Requires Java 8 and Maven. Run:

$ ./scripts/run.sh

This will start the server on port 8009. Point a browser to localhost:8009. The port number is specified in application.properties.

This reads from config/users.txt, which has a username and password pair on each line. You will log in using one of those pairs, and then that username is tied to your activities in that session. All annotations that you do will be written to a path called <orig>-annotation-<username>, where <orig> is the original path specified in the config file, and <username> is what you chose as username.

Suppose you do some annotations, then leave the session, and come back again. If you log in with the same username as the previous session, it will reload all of the annotations right where you left off, so no work is lost.

You make annotations by clicking on words and selecting a label.
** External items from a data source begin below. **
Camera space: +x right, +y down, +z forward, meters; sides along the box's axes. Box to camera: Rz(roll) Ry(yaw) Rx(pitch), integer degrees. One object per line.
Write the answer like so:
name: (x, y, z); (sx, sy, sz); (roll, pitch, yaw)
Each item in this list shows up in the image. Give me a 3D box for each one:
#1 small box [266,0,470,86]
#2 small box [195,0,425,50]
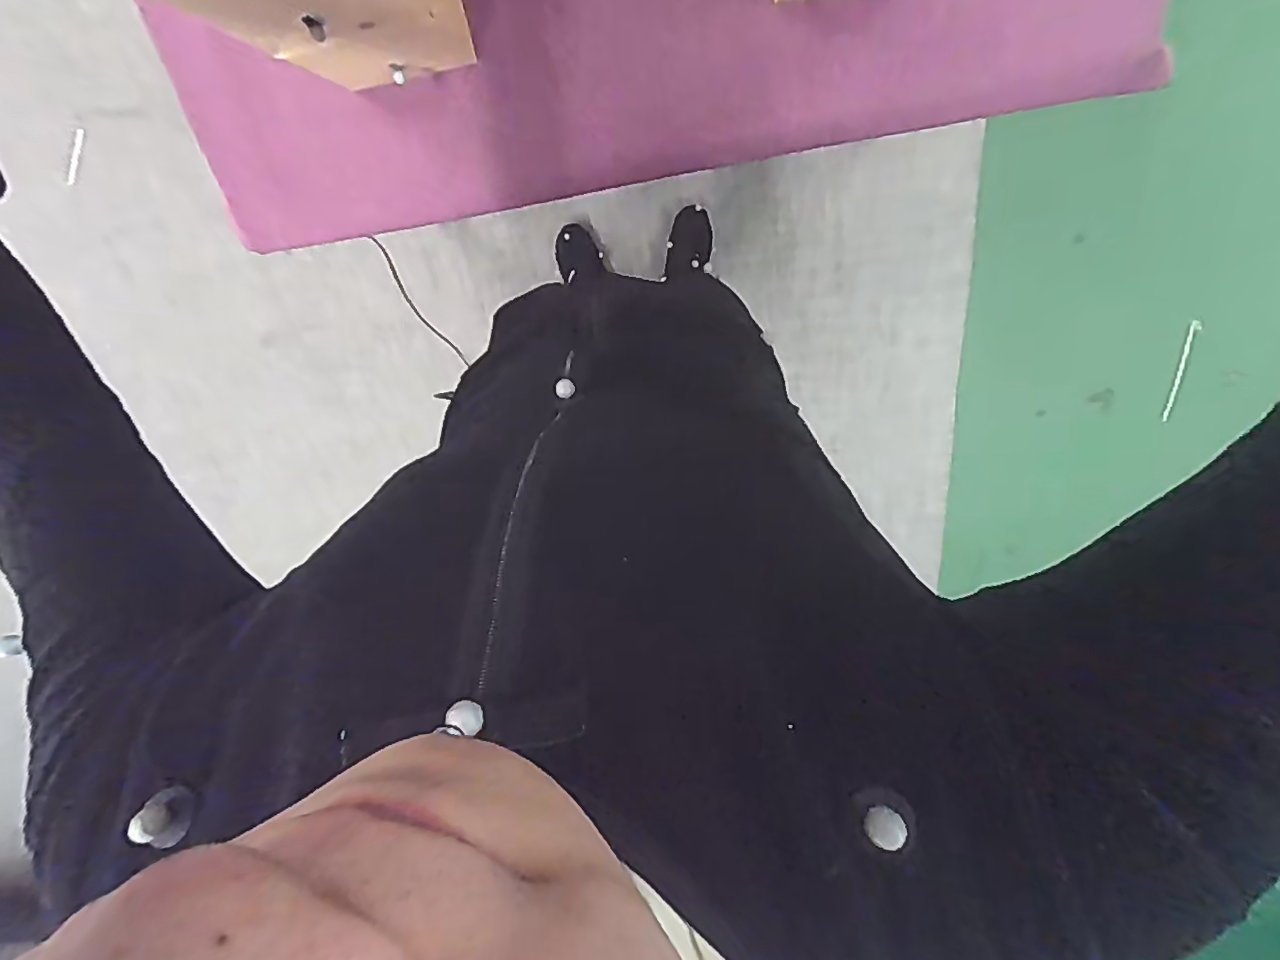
small box: (-0.297, -0.545, 0.560); (0.168, 0.176, 0.179); (-9, 116, 4)
small box: (-0.294, -0.474, 0.415); (0.168, 0.176, 0.179); (-11, 117, 4)

If you want to remove a label, right click on a word.

To annotate a phrase, highlight the phrase, ending with the mouse in the middle of the last word. The standard box will show up, and you can select the correct label. To dismiss the annotation box, click on the word it points to.

A document is saved by pressing the Save button. If you navigate away using the links on the top of the page, the document is not saved.

Configuration

There are two kinds of config files, corresponding to the two annotation methods (see below). The document-based method looks for config files that start with 'doc-' and the sentence-based method looks for config files that start with 'sent-'.

Describe config files, and how they are different for document and sentence.

Annotation Methods

There are two main annotation methods supported: document-based, and sentence-based.

Document-based

The document-based method is a common paradigm. You point the software to a folder of documents and each is displayed in turn, and you annotate them.

Sentence-based

The sentence-based method is intended to allow a rapid annotation process. First, you need to build an index using TextFileIndexer.java, then you supply some seed names in the config file. The system searches for these seed names in the index, and returns a small number of sentences containing them. The annotator is encouraged to annotate these correctly, and also annotate any other names which may appear. These new names then join the list of seed names, and annotation continues.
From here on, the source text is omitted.